- Occupation(s): Educator, psychologist and ethicist
- Known for: Advocating for secular rationalism in Peru
- Board member of: Secular Humanist Society of Peru

Academic background
- Alma mater: Australian National University
- Thesis: ¿Tenemos el derecho de cambiar la naturaleza humana? La objeción de 'jugar a ser dios' en ingeniería genética

Academic work
- Discipline: Psychology
- Sub-discipline: Ethics, philosophy of science, epistemology and theory of science, and deontology
- Institutions: Universidad San Ignacio de Loyola Universidad Científica del Sur

= Víctor Andrés García-Belaúnde Velarde =

Peruvian ethicist

Víctor Andrés García-Belaúnde Velarde (born 1977) is a Peruvian educator, psychologist and ethicist. He is a prominent advocate for secular rationalism in Peru, an otherwise highly traditional and religious country, and is active across various media. He currently leads the Manzana Escéptica, a program for the popularization of science in La Mula TV, and is a panelist on Guía Escéptica, Peru's first podcast on skepticism, rationality and science. He is a professor at San Ignacio de Loyola University and at Universidad Científica del Sur in Lima, Peru, where he researches and teaches in ethics, philosophy of science, epistemology and theory of science, and deontology, respectively.

==Education==

García-Belaúnde graduated cum laude in psychology from University of Lima.
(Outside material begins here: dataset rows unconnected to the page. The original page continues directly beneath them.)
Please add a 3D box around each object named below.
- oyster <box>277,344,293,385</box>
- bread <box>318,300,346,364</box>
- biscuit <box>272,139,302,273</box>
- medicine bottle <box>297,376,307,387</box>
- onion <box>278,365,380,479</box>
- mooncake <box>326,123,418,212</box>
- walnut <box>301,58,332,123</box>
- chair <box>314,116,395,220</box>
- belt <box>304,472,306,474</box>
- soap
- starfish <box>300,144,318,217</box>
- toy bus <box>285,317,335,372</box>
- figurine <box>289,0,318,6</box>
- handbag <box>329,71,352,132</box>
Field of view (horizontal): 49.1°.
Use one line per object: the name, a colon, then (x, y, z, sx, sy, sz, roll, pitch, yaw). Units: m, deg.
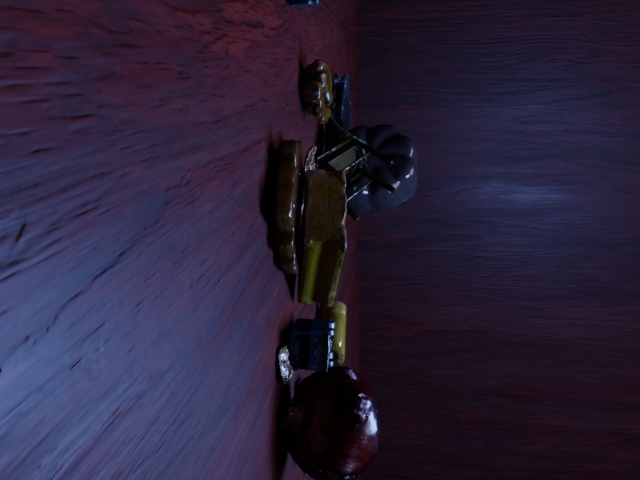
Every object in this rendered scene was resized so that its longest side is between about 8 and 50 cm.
oyster: (-0.078, 0.259, 1.444, 0.054, 0.019, 0.083, -18, 101, -63)
bread: (0.031, 0.268, 2.036, 0.134, 0.085, 0.173, 86, 6, -53)
biscuit: (-0.066, -0.054, 1.410, 0.278, 0.043, 0.301, -84, 175, -61)
medicine bottle: (-0.006, 0.429, 1.696, 0.103, 0.103, 0.186, 4, 88, -83)
onion: (0.011, 0.393, 1.495, 0.219, 0.252, 0.252, 16, 64, -36)
mooncake: (0.165, -0.232, 2.220, 0.154, 0.306, 0.305, 70, 22, -68)
walnut: (-0.009, -0.370, 1.737, 0.170, 0.069, 0.142, 68, 25, -68)
chair: (0.052, -0.227, 2.017, 0.186, 0.319, 0.160, -37, 146, -19)
belt: (-0.006, 0.544, 1.890, 0.179, 0.100, 0.065, -108, -168, -61)
soap: (0.000, 0.000, 1.539, 0.315, 0.091, 0.199, 98, -7, -63)
starfish: (-0.026, -0.118, 1.741, 0.240, 0.043, 0.227, -72, 161, -58)
toy bus: (-0.021, 0.228, 1.546, 0.184, 0.106, 0.090, -56, 150, -86)
figurine: (-0.044, -0.538, 1.480, 0.140, 0.068, 0.075, 0, 94, -76)
handbag: (0.067, -0.436, 2.345, 0.179, 0.062, 0.229, 82, 11, -50)

He obtained two Masters, the first in History of Philosophy at the National University of San Marcos, and the second in Professional and Applied Ethics at the Australian National University, where he graduated with distinction for his thesis on the moral viability of genetic engineering in humans.

==Other notable public activities==

García-Belaúnde is co-founder and executive director of the Secular Humanist Society of Peru. He has also published several articles on human nature and science communication from a psychological and philosophical perspective. He has been a panelist on educational programs for Radio Union, Radio Miraflores and RPP. Previously, he was a regular panelist on Radio Canto Grande 'Para-normales de la noche', the first radio program to raise awareness of skepticism in Peru.
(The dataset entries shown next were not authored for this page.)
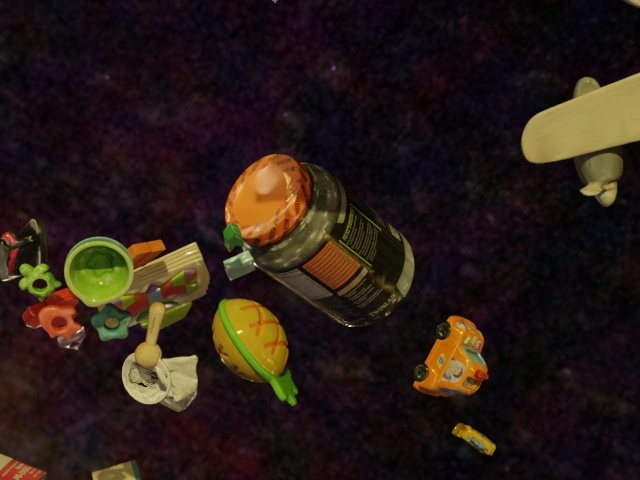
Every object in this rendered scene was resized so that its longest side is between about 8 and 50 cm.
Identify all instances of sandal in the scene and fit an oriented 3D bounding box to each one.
[{"bbox_3d":[-0.384,0.018,1.329,0.040,0.067,0.179,-1,169,-36],"label":"sandal"}]

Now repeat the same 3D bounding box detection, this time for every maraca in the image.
[{"bbox_3d":[-0.091,0.163,1.559,0.185,0.099,0.127,54,-167,-10],"label":"maraca"}]

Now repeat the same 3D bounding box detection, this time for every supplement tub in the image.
[{"bbox_3d":[0.000,0.000,1.870,0.207,0.207,0.338,10,159,44],"label":"supplement tub"}]

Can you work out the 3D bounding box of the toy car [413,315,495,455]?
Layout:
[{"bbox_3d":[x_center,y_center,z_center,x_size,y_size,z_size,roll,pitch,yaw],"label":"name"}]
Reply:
[{"bbox_3d":[0.108,0.103,0.726,0.040,0.060,0.122,30,166,42],"label":"toy car"}]

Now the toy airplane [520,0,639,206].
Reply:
[{"bbox_3d":[0.496,-0.172,1.306,0.386,0.384,0.272,30,175,18],"label":"toy airplane"}]

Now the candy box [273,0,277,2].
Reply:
[{"bbox_3d":[-0.048,-0.506,1.679,0.165,0.196,0.070,49,177,-11],"label":"candy box"}]

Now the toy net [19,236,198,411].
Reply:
[{"bbox_3d":[-0.210,0.104,1.097,0.232,0.122,0.045,61,-179,-24],"label":"toy net"}]

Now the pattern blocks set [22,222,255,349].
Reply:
[{"bbox_3d":[-0.253,0.076,1.587,0.026,0.325,0.285,61,180,22],"label":"pattern blocks set"}]

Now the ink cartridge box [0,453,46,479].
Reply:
[{"bbox_3d":[-0.538,0.373,1.500,0.237,0.172,0.100,22,-174,0],"label":"ink cartridge box"}]

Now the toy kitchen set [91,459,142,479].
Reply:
[{"bbox_3d":[-0.250,0.424,1.554,0.166,0.122,0.207,133,122,-74],"label":"toy kitchen set"}]

He was awarded with the Go Harlem Brudtland Award for his work on Manzana Escéptica, which deals with the discussion of ideas considered to be true for most, but false for science.
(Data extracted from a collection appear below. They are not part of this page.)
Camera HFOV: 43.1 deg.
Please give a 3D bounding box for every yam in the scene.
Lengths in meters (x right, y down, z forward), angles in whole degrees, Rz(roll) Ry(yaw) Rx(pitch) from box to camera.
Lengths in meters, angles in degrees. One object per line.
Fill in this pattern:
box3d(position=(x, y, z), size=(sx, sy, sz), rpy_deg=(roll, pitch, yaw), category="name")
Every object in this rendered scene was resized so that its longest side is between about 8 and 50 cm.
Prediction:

He also has published the book Crítica de las interacciones del alma: Una aproximación aristotélica y cartesiana a partir de la ciencia normal in which criticizes the animistic explanations of Aristotelian hilmorphism and the Cartesian dualism from a naturalistic perspective. In the first chapter he explores the Aristotelian writings on the soul and the Aristotelian interactions of the soul with matter. In the second chapter he contrasts the functioning of the Aristotelian agent and patient intellect with the findings of cognitive psychology and cybernetic systems. In the third chapter he examines the Aristotelian postulates about incontinence and then addresses the problems concerning power and action in moral decisions. The fourth chapter deals with the Cartesian interactions of the soul with the body. There the validity of the relations between the soul, the passions and the animal spirits will be questioned. The fifth chapter maintains that it is not necessary to create an immaterial entity to explain the psychic phenomena. It also discusses body-body interactions, eliminating the intermediate entity (soul). Finally, he briefly recounts the evolution of material interactions (body-body) to consciousness according to normal science.